Этьен сказал несколько слов мадам Леруа, которая, казалось, не слышала его, и в свою очередь спустился по лестнице.
Абель следил за уходом Берты и доктора. Подождав еще несколько минут и слыша, что входная дверь закрылась, он приподнялся и несколько раз позвал мать.
Мадам Леруа услышала его.
— Тебе надо что-нибудь, дитя мое?
— Ничего, но я хочу поговорить с тобой.
— Поговорить со мной?
— Придвинься ко мне поближе… Еще ближе… Так как мой голос очень слаб… Мне надо поговорить с тобой без сестры…
— Не утомляй себя, мой дорогой, — возразила мадам Леруа, садясь в изголовье постели. — Ты знаешь, что доктор велит тебе молчать.
— Я должен говорить с тобой… Слушай…
Он хотел начать, но сильный приступ кашля остановил его.
— Ты видишь, — прошептала Анжела.
— Не все ли равно, к тому же все уже кончено. Дай мне руку… Наклонись ко мне поближе и гляди мне в глаза…
Мадам Леруа послушно взяла руку сына и, сильно взволнованная, поглядела на него.
— Мать, выслушай меня хорошенько… без слез… но с мужеством и покорностью судьбе.
— Я слушаю! Что ты хочешь сказать?
— Я хочу приготовить тебя к большому горю.
— Абель!… Абель!…
— Не перебивай меня. Я просил тебя быть мужественной и снова прошу об этом… прошу во имя нашего отца…
При этом слове вдова вздрогнула и выпрямилась, точно от удара.
— Говори, — сказала она твердым голосом. — Во имя мученика, который был твоим отцом, я выслушаю тебя с мужеством и покорностью судьбе.
— Благодарю, такой я хотел тебя видеть в минуту, когда чувствую, что на земле для меня все кончено. Ты обещала быть твердой, держи же свое слово! Доктор может скрывать от тебя истину… но я скажу тебе ее… Я умру… и это ты должна знать… так как мы скрываем тайну… а моя сестра, до того дня, когда будет восстановлено доброе имя отца, не должна знать, что теперешнее имя не принадлежит ей.

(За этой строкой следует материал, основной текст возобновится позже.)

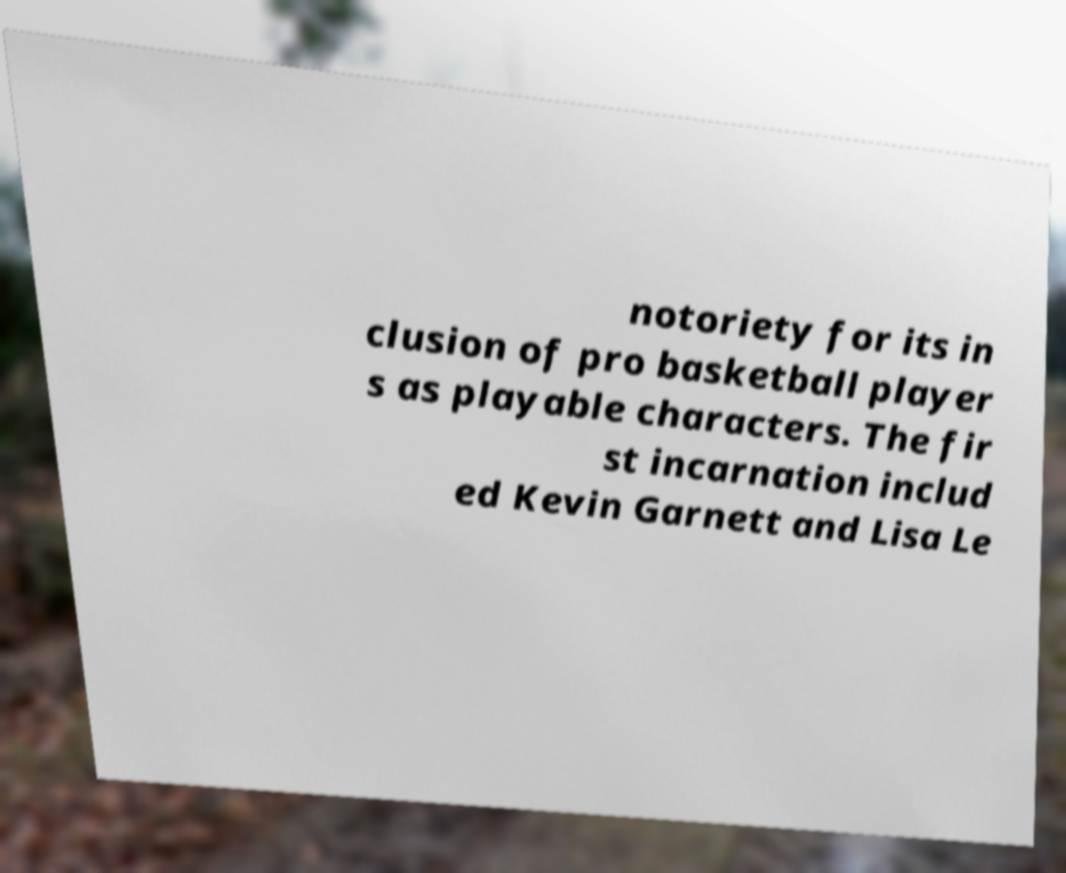Can you accurately transcribe the text from the provided image for me? notoriety for its in clusion of pro basketball player s as playable characters. The fir st incarnation includ ed Kevin Garnett and Lisa Le 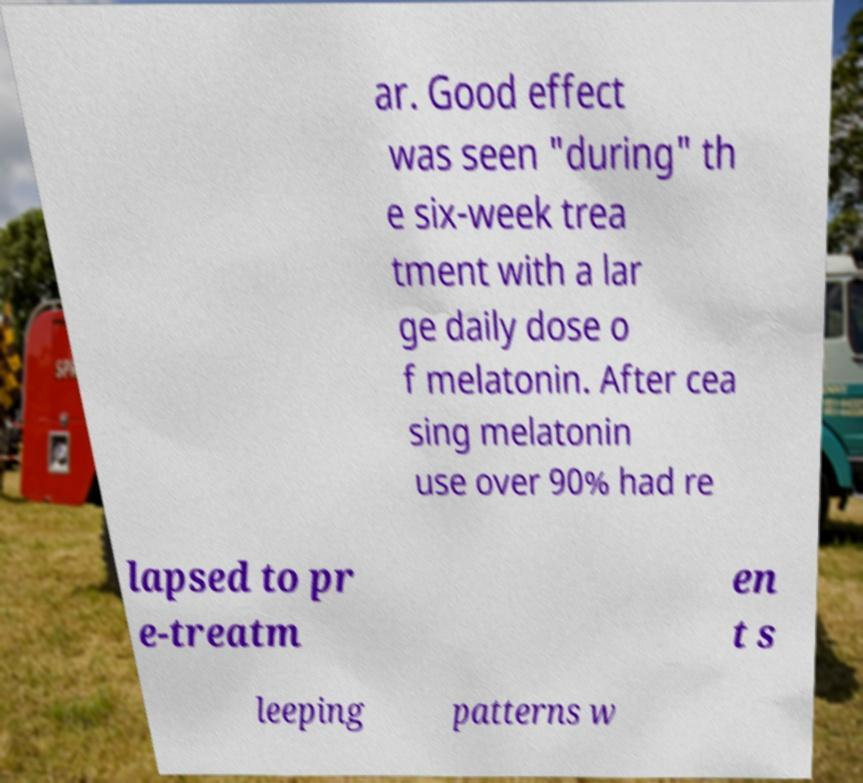Can you read and provide the text displayed in the image?This photo seems to have some interesting text. Can you extract and type it out for me? ar. Good effect was seen "during" th e six-week trea tment with a lar ge daily dose o f melatonin. After cea sing melatonin use over 90% had re lapsed to pr e-treatm en t s leeping patterns w 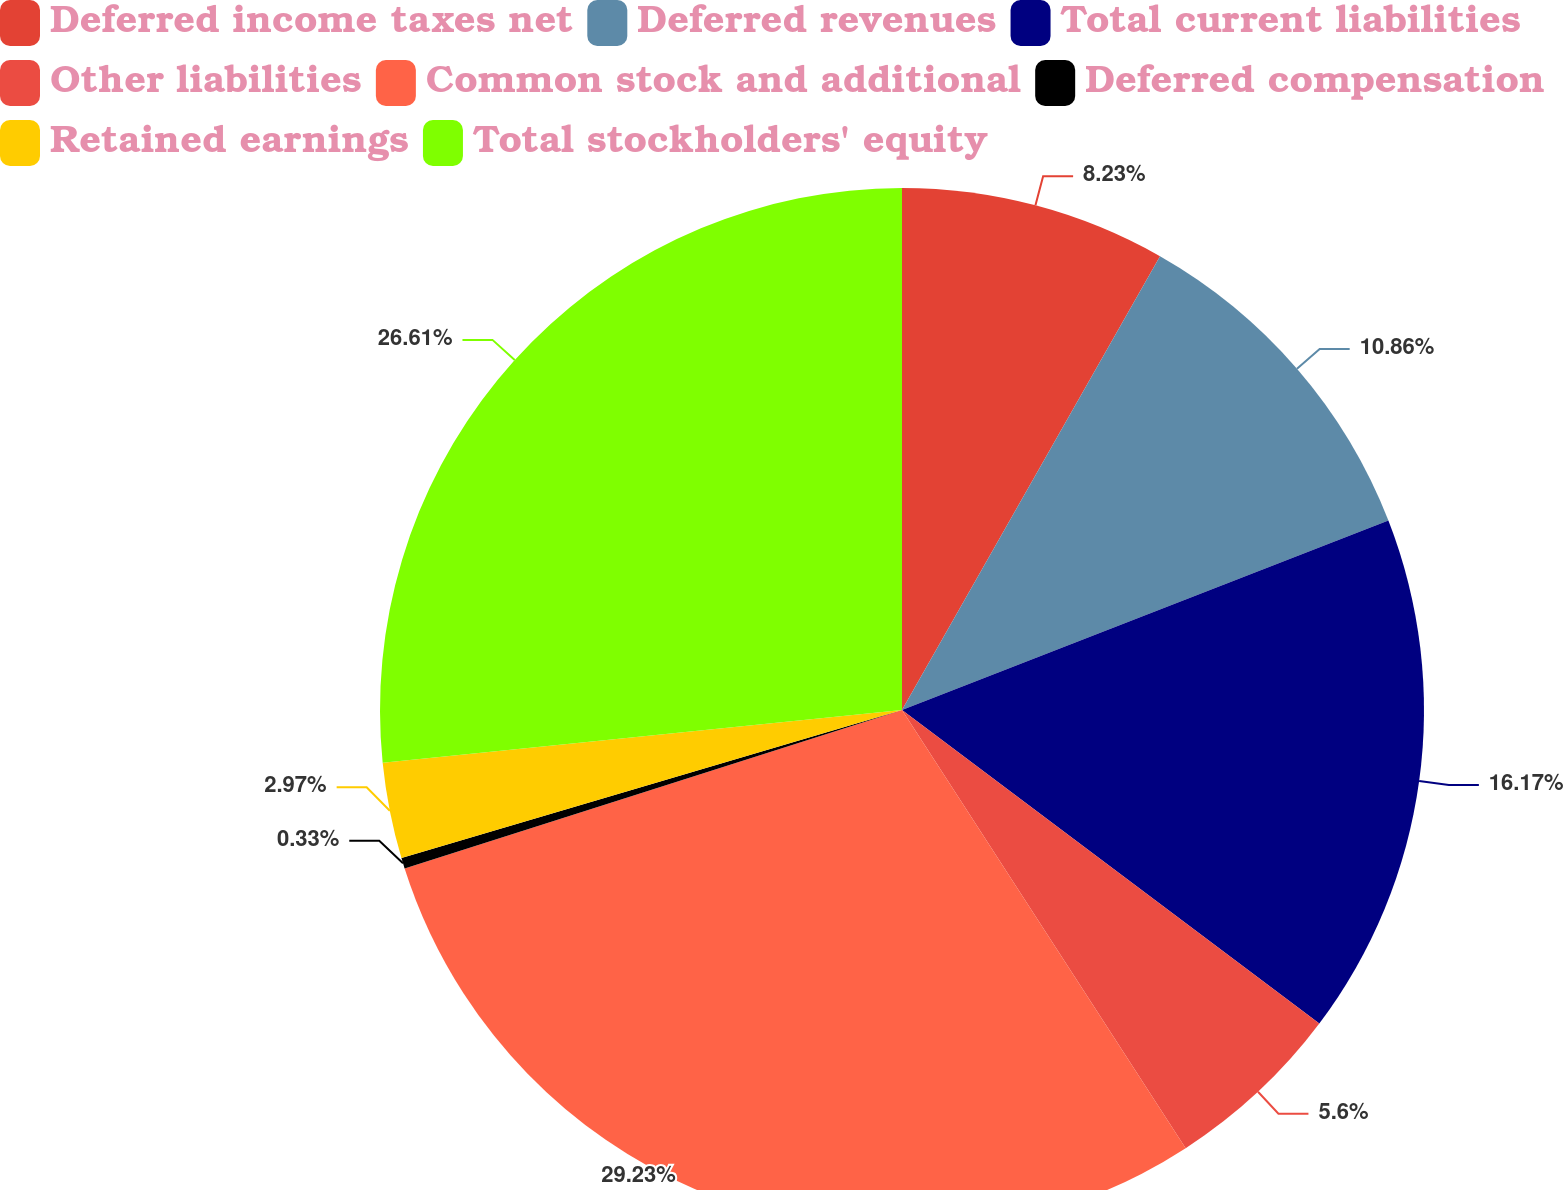Convert chart. <chart><loc_0><loc_0><loc_500><loc_500><pie_chart><fcel>Deferred income taxes net<fcel>Deferred revenues<fcel>Total current liabilities<fcel>Other liabilities<fcel>Common stock and additional<fcel>Deferred compensation<fcel>Retained earnings<fcel>Total stockholders' equity<nl><fcel>8.23%<fcel>10.86%<fcel>16.17%<fcel>5.6%<fcel>29.24%<fcel>0.33%<fcel>2.97%<fcel>26.61%<nl></chart> 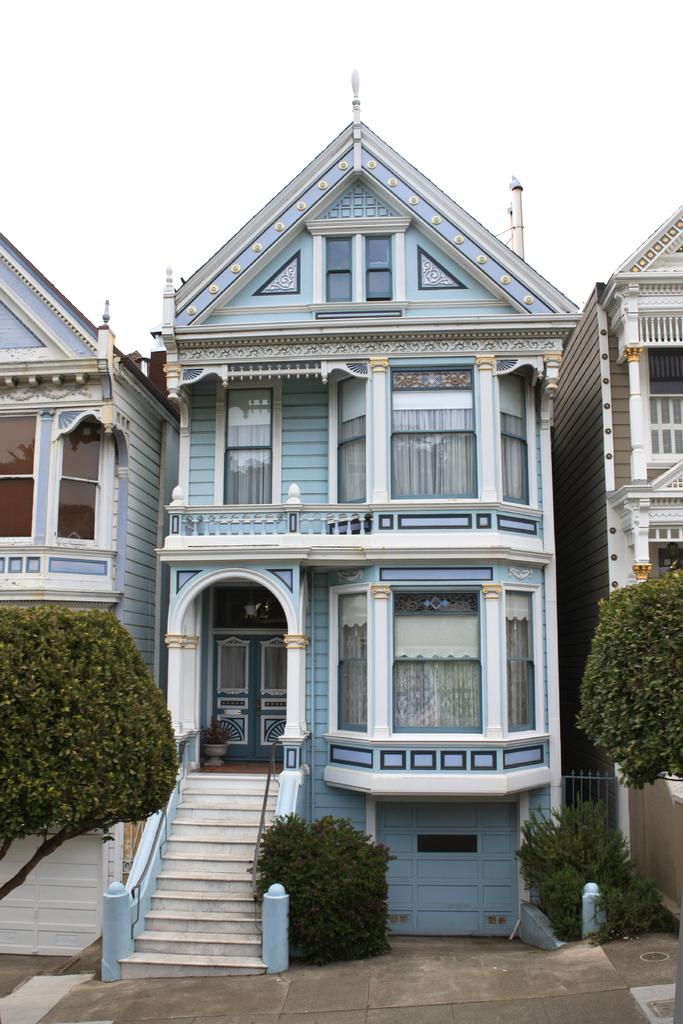What type of structures are visible in the image? There are buildings in the image. What features can be seen on the buildings? The buildings have windows, doors, and steps. What additional elements are present in the image? There is a house plant, trees, and a path visible. Are there any interior details visible in the image? Yes, there are curtains in the image. What type of turkey can be seen walking along the path in the image? There is no turkey present in the image; it only features buildings, a house plant, trees, and a path. What type of fork is used to hold the curtains in the image? There is no fork present in the image, and the curtains are not being held by any object. 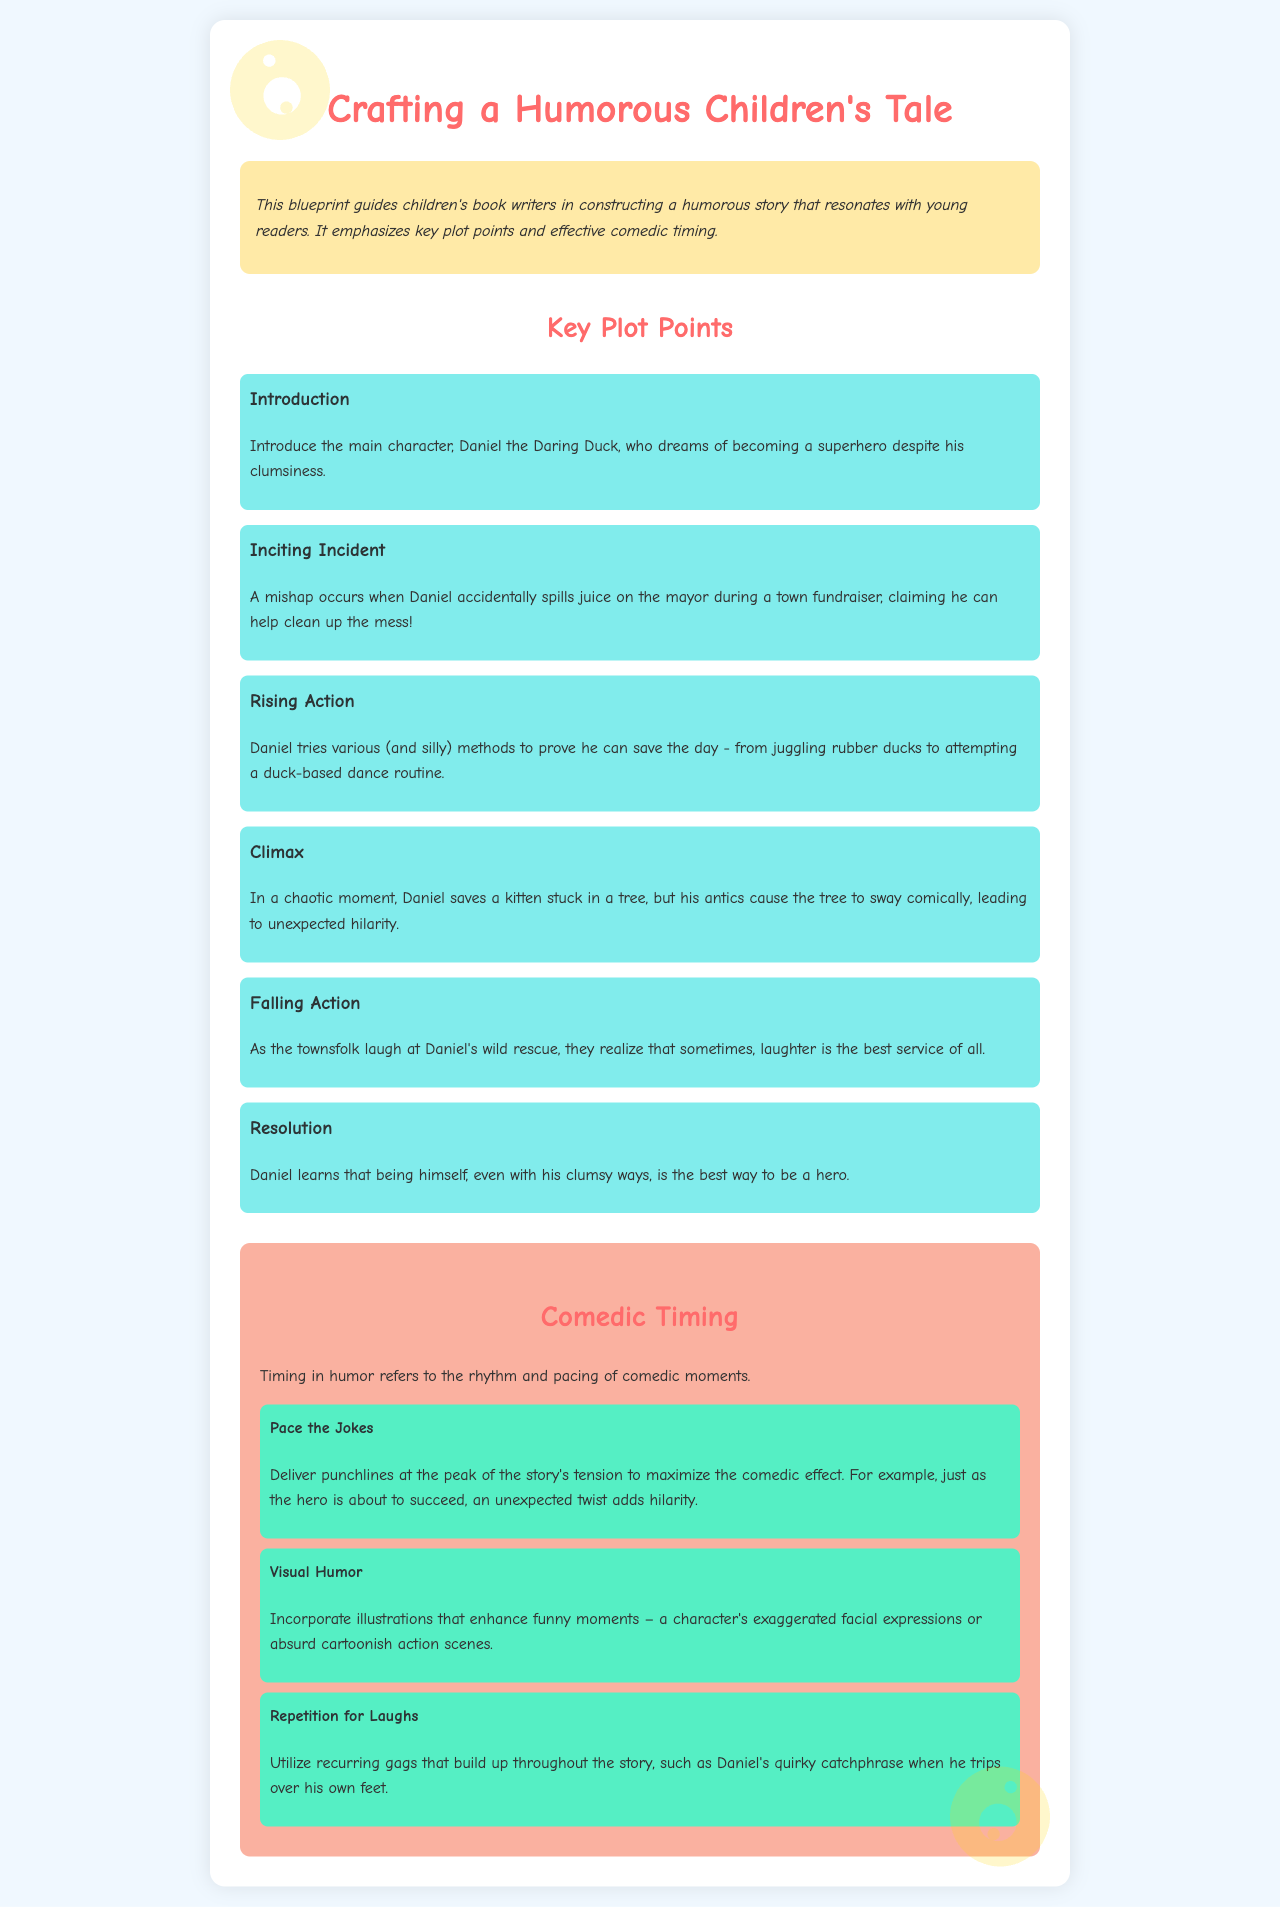What is the main character's name? The main character introduced in the story is Daniel the Daring Duck, as stated in the introduction.
Answer: Daniel the Daring Duck What happens during the inciting incident? It describes a mishap where Daniel spills juice on the mayor, leading to a comical situation.
Answer: Spills juice on the mayor What is one method Daniel tries during the rising action? It mentions various (and silly) methods Daniel tries, including juggling rubber ducks.
Answer: Juggling rubber ducks What is the climax of the story? The climax involves Daniel saving a kitten, causing comedic chaos with a swaying tree.
Answer: Saves a kitten stuck in a tree What is the lesson Daniel learns at the resolution? The resolution outlines that Daniel learns to embrace his clumsy ways as a form of heroism.
Answer: Being himself How should jokes be paced for comedic effect? The document states that punchlines should be delivered at the peak of tension.
Answer: At the peak of the story's tension What does visual humor involve? It indicates that visual humor includes illustrations enhancing funny moments and expressions.
Answer: Illustrations that enhance funny moments What is one tip for using repetition for laughs? The manual suggests utilizing recurring gags, such as Daniel's quirky catchphrase.
Answer: Daniel's quirky catchphrase What color scheme is used for the background? The background color of the document is described as light blue (f0f8ff).
Answer: Light blue 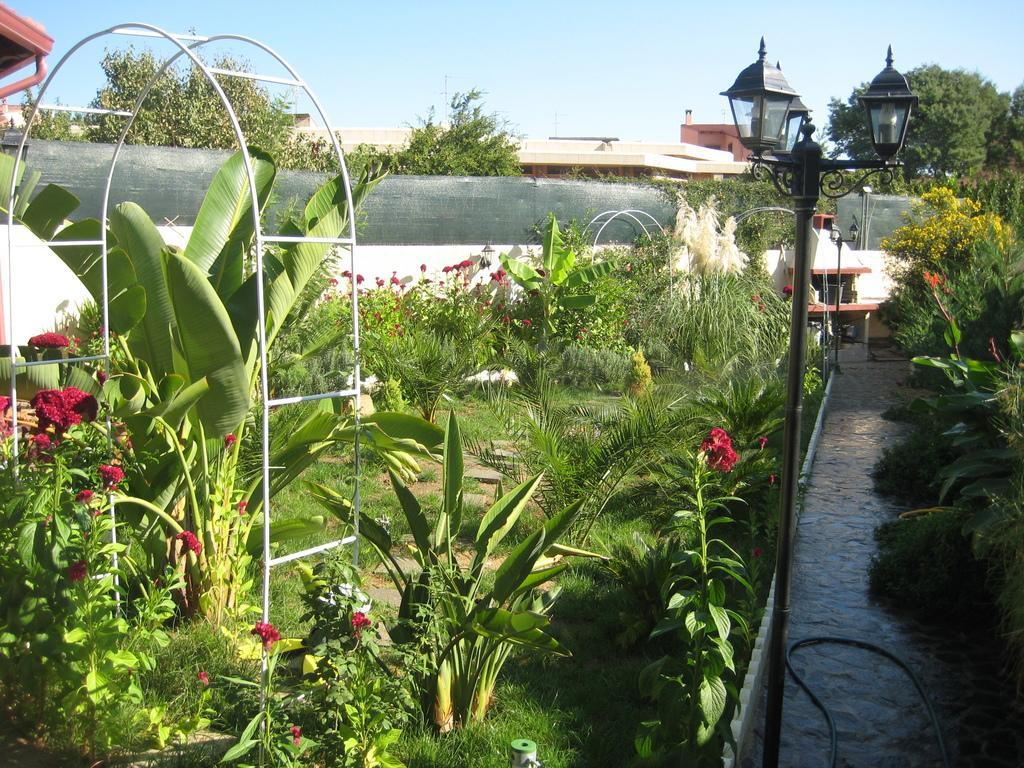Can you describe this image briefly? It is looking like a garden. On the right side I can see a path, on both sides of this there are some plants in green color along with some flowers and also there is a pole. At the top of it I can see the lights. On the left side there is a metal stand in the garden. In the background I can see a wall and building. On the top of the image I can see the sky. 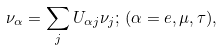<formula> <loc_0><loc_0><loc_500><loc_500>\nu _ { \alpha } = \sum _ { j } U _ { \alpha j } \nu _ { j } ; \, ( \alpha = e , \mu , \tau ) ,</formula> 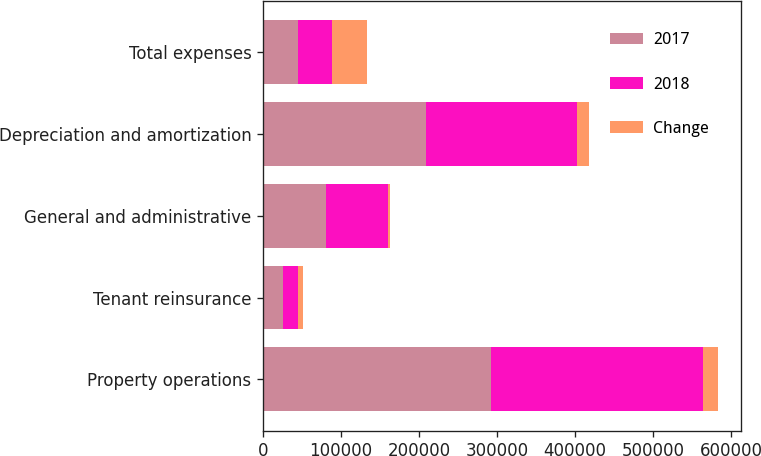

— Говори, — проговорила вдова, снова овладев собой.
— Когда Бог призовет меня к себе, надо будет предъявить мои бумаги… И из этих бумаг обнаружится, что Абель Монетье в действительности Абель Леруа и сын Поля Леруа, казненного двадцать лет назад… Поэтому я прошу тебя, чтобы ты сама занялась этим, чтобы Берта не знала, что на нас лежит незаслуженное пятно… На могиле моего отца вырезано одно только слово «правосудие»… пусть и на моей могиле будет только мое имя Абель… Сделаешь ли ты это?…
— Да, клянусь тебе!
— Благодарю… Теперь я могу умереть спокойно… Позорная тайна будет сохранена…
— Да, сохранена, — повторила несчастная почти твердым голосом. — И до того дня, когда честное имя твоего отца будет восстановлено, — если только этот день когда-нибудь настанет, — Берта не будет знать, что ее отец умер на эшафоте за преступление, которого не совершал.